Механизм адаптации важно понимать, чтобы не отказывать себе в сильных чувствах из-за такой ерунды, как неполучившееся упражнение, сотая одна и та же ошибка, никак не запоминающиеся неправильные глаголы. Резонерство тут бессмысленно. Эти ошибки наталкивают нас на проживание важной эмоции, которая – если мы мужественно опустимся с ней на дно и отдадим ей какую-то часть своего времени – продвинет нас в деле гораздо дальше, чем сотня усердных повторений. Иностранный язык – это очень серьезное поле, где ощущение «почему ж оно все такое НЕПОНЯТНОЕ-то» подстерегает на каждом шагу. Фрустрация совершенно неизбежна, она дает организму энергию, чтобы это изменить. Однако если изменить ничего нельзя (да, русский мозг не работает на английской территории, и подтверждения этого атакуют нас каждые 2 минуты урока), фрустрация уступает место чувству тщетности и собственного бессилия. Результатом этого переживания становится адаптация. Если же мы тормозим эти переживания (например, объясняя себе, как это глупо, расстраиваться из-за какого-то там английского, или стесняясь проживать это все при ком-то), то эмоция, запертая между невозможностью изменить и невозможностью прожить крушение, начинает гнить. Поскольку жить на этой точке совершенно невозможно, а стратегия выхода на чувственном уровне не сформирована, очень часто единственным доступным выходом оказывается отказ от изучения языка.

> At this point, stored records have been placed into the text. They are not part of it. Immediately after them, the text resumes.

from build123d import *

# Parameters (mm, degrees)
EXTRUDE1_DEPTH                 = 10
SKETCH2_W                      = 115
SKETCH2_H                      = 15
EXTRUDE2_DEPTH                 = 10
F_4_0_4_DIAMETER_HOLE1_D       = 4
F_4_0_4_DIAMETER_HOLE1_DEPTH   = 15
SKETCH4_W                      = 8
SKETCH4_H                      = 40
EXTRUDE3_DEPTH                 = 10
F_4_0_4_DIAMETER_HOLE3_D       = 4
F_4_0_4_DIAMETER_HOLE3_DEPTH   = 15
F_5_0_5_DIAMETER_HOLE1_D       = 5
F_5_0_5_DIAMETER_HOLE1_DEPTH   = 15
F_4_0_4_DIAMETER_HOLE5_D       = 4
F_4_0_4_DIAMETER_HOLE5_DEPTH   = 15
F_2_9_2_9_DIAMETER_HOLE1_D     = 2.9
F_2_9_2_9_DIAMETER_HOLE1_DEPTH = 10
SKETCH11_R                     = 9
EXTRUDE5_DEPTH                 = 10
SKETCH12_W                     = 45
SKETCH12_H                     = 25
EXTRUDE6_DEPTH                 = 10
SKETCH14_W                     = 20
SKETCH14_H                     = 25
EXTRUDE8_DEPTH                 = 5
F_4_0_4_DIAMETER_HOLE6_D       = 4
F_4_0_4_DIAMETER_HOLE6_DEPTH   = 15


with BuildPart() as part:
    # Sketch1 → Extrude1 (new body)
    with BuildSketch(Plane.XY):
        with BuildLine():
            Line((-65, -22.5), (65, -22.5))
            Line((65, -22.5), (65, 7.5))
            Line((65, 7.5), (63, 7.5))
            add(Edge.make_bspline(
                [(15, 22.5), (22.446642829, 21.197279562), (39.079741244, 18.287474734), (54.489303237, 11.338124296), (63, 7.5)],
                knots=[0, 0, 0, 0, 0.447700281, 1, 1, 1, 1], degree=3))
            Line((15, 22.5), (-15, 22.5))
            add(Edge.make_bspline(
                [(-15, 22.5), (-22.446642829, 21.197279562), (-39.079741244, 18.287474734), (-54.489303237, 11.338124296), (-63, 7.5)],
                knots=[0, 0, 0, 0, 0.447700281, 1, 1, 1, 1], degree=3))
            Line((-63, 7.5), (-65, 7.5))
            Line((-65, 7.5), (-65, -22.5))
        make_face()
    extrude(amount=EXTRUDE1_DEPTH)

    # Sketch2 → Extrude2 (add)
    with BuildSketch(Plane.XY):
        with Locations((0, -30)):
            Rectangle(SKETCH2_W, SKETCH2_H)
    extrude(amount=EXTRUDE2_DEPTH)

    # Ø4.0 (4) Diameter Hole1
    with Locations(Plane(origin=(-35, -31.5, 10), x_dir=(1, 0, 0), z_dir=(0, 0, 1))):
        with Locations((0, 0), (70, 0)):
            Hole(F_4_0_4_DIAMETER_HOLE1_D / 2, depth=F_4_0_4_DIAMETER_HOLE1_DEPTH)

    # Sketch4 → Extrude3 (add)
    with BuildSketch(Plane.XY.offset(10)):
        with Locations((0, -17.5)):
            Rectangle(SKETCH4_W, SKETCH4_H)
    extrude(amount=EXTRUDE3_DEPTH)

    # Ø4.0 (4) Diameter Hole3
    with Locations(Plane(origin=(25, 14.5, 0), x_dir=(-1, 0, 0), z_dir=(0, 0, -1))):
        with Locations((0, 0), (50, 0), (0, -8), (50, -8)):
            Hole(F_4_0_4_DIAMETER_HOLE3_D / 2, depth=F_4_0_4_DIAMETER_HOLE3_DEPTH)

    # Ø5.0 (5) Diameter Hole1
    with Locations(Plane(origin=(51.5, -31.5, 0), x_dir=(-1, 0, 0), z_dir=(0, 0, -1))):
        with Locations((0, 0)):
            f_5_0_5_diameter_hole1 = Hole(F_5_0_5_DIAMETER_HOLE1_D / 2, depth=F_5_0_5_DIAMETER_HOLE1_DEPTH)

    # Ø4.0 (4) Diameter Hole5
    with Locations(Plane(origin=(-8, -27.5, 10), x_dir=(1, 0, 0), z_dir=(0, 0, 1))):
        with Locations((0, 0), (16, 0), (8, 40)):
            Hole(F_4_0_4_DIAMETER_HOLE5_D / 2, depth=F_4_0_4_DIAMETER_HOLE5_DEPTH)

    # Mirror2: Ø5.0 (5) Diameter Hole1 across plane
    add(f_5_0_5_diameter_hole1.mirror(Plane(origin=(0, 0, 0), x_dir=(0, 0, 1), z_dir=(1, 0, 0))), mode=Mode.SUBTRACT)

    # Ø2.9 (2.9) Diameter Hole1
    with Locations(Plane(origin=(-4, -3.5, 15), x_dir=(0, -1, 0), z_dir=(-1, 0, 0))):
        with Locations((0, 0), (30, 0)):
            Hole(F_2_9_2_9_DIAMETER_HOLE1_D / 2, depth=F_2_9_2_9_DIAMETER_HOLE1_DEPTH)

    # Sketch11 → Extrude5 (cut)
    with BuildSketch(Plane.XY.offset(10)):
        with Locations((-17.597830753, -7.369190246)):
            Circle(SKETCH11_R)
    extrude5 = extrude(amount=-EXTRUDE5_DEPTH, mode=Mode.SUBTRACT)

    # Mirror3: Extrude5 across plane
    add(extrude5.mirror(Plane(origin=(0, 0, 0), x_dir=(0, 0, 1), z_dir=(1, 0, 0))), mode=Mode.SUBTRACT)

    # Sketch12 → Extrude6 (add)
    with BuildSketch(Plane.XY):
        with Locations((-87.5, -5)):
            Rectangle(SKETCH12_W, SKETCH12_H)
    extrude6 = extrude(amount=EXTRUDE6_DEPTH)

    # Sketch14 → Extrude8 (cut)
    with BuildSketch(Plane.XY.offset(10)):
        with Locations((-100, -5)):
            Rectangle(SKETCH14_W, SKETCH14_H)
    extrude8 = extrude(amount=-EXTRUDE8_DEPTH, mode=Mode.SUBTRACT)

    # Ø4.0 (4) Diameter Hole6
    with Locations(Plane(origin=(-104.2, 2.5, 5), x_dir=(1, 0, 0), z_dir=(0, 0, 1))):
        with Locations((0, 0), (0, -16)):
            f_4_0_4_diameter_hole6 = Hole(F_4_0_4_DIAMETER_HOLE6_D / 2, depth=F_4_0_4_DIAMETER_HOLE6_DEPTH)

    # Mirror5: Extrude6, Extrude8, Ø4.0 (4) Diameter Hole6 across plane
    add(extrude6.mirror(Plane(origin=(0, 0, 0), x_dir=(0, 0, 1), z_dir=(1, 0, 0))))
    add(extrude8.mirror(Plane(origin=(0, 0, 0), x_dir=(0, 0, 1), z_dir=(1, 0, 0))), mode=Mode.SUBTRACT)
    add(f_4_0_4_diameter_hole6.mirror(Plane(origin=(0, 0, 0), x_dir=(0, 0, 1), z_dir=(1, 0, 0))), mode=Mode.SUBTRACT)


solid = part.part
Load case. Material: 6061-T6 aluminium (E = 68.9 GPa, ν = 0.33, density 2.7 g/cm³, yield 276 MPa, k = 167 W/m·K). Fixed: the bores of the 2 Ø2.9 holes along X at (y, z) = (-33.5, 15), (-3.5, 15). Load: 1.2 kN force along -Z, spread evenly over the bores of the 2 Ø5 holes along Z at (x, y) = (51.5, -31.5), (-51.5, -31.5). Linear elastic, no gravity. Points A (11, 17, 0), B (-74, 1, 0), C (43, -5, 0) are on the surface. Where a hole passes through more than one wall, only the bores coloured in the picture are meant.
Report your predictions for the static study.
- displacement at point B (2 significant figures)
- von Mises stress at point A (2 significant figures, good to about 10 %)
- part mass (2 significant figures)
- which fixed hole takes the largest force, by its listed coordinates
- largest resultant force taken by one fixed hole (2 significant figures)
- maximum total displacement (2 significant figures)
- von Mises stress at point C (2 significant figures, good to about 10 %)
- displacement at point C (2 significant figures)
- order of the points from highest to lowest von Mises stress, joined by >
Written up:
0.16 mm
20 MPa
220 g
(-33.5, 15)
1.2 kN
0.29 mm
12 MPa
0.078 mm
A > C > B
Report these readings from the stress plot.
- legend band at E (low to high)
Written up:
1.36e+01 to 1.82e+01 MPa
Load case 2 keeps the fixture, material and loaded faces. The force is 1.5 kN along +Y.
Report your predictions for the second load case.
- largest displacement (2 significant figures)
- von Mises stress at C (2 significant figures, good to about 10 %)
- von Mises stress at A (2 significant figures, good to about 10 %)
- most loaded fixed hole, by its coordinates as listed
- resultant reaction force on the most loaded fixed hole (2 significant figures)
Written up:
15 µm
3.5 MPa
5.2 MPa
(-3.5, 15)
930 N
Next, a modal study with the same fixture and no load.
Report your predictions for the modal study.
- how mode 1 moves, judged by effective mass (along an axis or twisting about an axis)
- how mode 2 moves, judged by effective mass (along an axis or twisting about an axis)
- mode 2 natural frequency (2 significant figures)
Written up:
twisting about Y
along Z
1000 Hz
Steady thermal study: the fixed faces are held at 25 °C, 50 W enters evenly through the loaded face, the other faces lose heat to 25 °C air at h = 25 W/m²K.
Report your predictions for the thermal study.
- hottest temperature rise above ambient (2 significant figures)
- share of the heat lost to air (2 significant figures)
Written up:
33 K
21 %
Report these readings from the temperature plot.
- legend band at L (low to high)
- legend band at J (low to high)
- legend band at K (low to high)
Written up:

Ошибки свои надо лелеять и оплакивать (смеяться тоже можно, не все ж рыдать). Себя в процессе обучения надо беречь. С языком надо смиряться. На преподавателя надо опираться (он сдюжит, если что). С преподавательской стороны, кстати, нет более трогательного и нежного момента, когда агрессивное метание в тупике внезапно сменяется облегчением самостоятельно сделанного открытия, это всегда такое волнительное наблюдение. Температура в комнате меняется, не говоря уж о лицах.